Wenn ihr aus Bayern kommt dann fahrt zur Ostsee.  Am besten nach Fehmarn.  Da gibt's immer was zu holen.  Es sind bessere Bedingungen als an der Nordsee.  Egal woher der wind kommt es gibt immer einen guten Strand. Ein paar sachen würde ich beachten:
1. Angelfuehrer kaufen und zwar einmal brandungsangeln und Fehmarn. Beide von der rapsbande. Sind jeden Cent wert. 
2. Mondphase abpassen. Heller Mond ist gift für Dorsch. 
3.nicht geizig mit Würmern sein.  100 sollten es schon sein pro abend. Alle 20min koder wechseln. Und wenn es richtig beißt dann kann das auch mit hunder Würmern sehr eng werden.  Wir haben schon über 40 Fische am Abend gehabt. Da sind die ganz schnell weg. Und wenn ihr so weit fahrt ist da an der falschen Stelle gespart. 
4.mindestens 3 verschiedene Systeme mitnehmen.  
-Haken oben
-Nachlauefer
-Doppelhaken
Von jedem System mindestens drei Stück
5. Würmer vor bestellen.  Sonst kann es mal vorkommen das ihr ohne Köder da steht. Das kommt öfter vor als ihr denkt. 

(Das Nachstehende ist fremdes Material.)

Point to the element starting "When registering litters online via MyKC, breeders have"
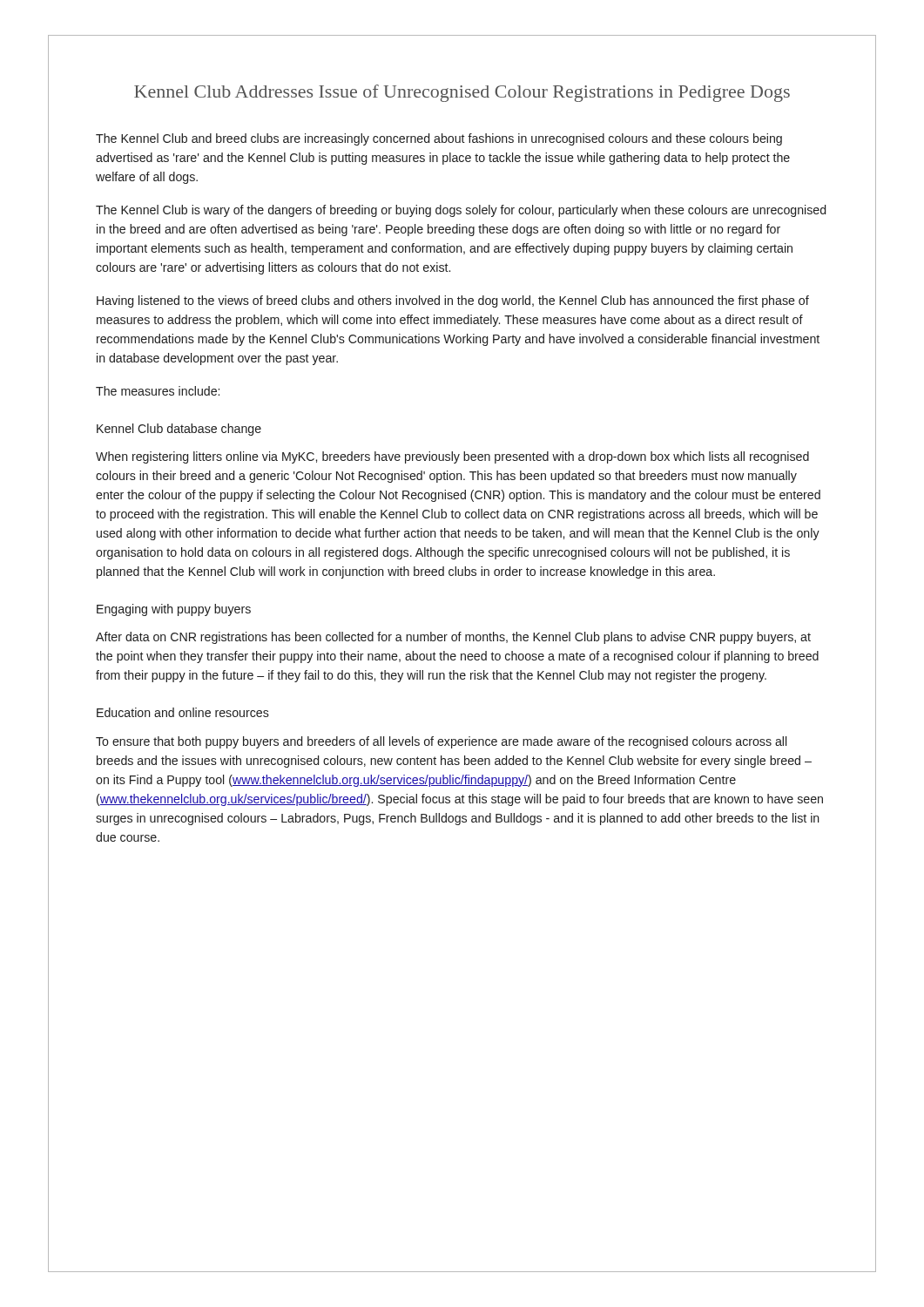[458, 514]
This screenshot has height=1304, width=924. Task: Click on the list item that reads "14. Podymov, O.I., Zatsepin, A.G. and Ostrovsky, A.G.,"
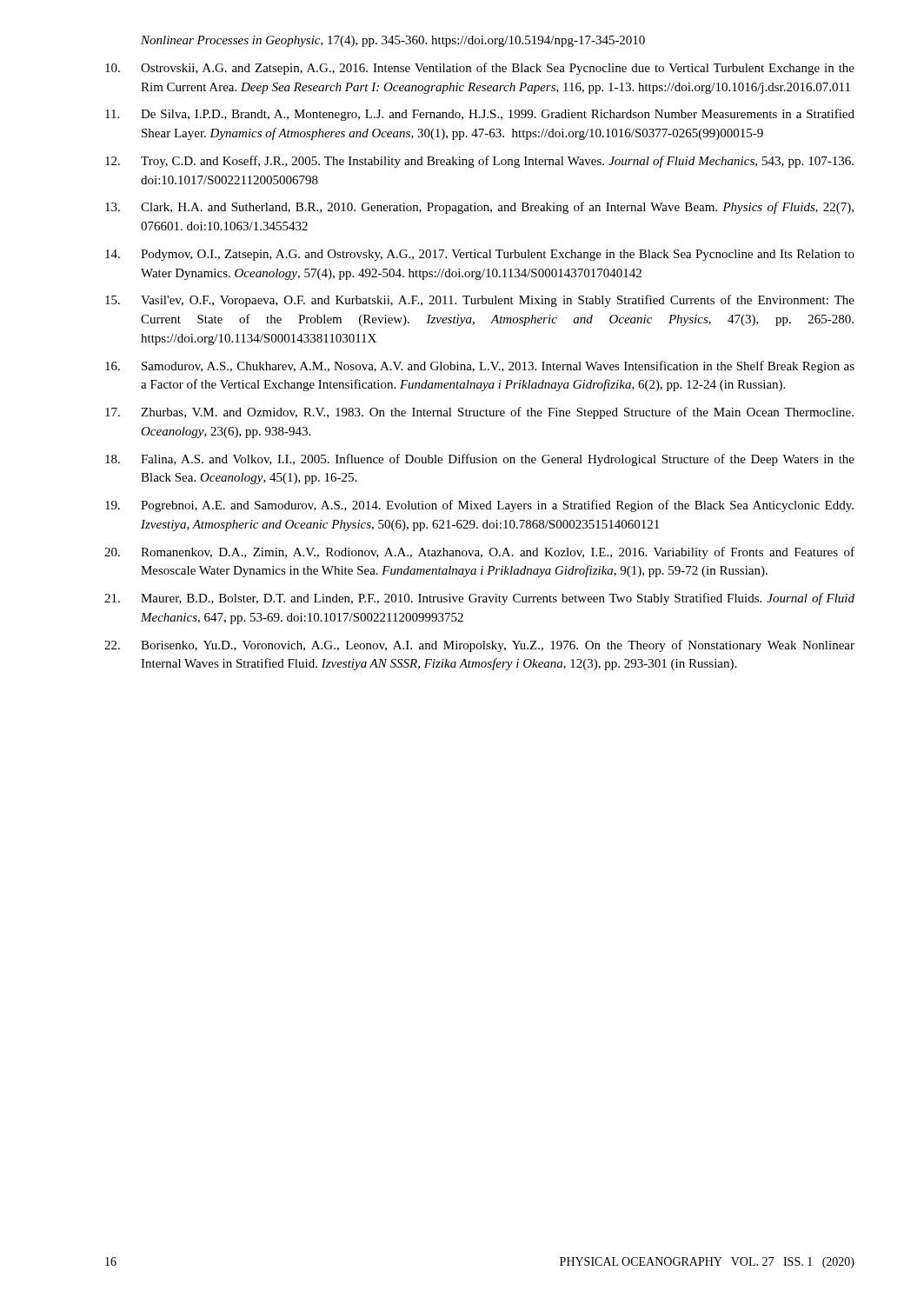(x=479, y=264)

Beherzigt das und ihr werdet viel Spaß haben.  Aber Vorsicht! Brandeln macht süchtig


----------



## Gelöschte Mitglieder 136077 (26. Dezember 2014)

*AW: Angeln in der Nordsee*

Die Nordsee ist ein interessantes Gewässer, ganz andere Atmosphäre als an der Ostsee, aber natürlich muss man da schon Plan haben wie und vor allem wann und wo man angelt. Einfach Köder mit der Brandungsrute rauswerfen und irgendwas fangen ist meistens nicht.

Empfehlen kann ich immer Häfen, da ist das Wasser tief und man fängt dort seinen Fisch. Zu der Jahreszeit kann man überwiegend mit Plattfischen und Hering rechnen, auch wenns i.d.R. keine riesigen Schwärme sind. Für Plattfisch frische Krabben nehmen oder Wattwürmer. Für Hering dann entsprechende Paternoster. Für beides reichen normalerweise normale Ruten um 3m und cs 80g Wurfgewicht....praktisch die gleiche Ausrüstung, die man z. B. für Aal auch nimmt.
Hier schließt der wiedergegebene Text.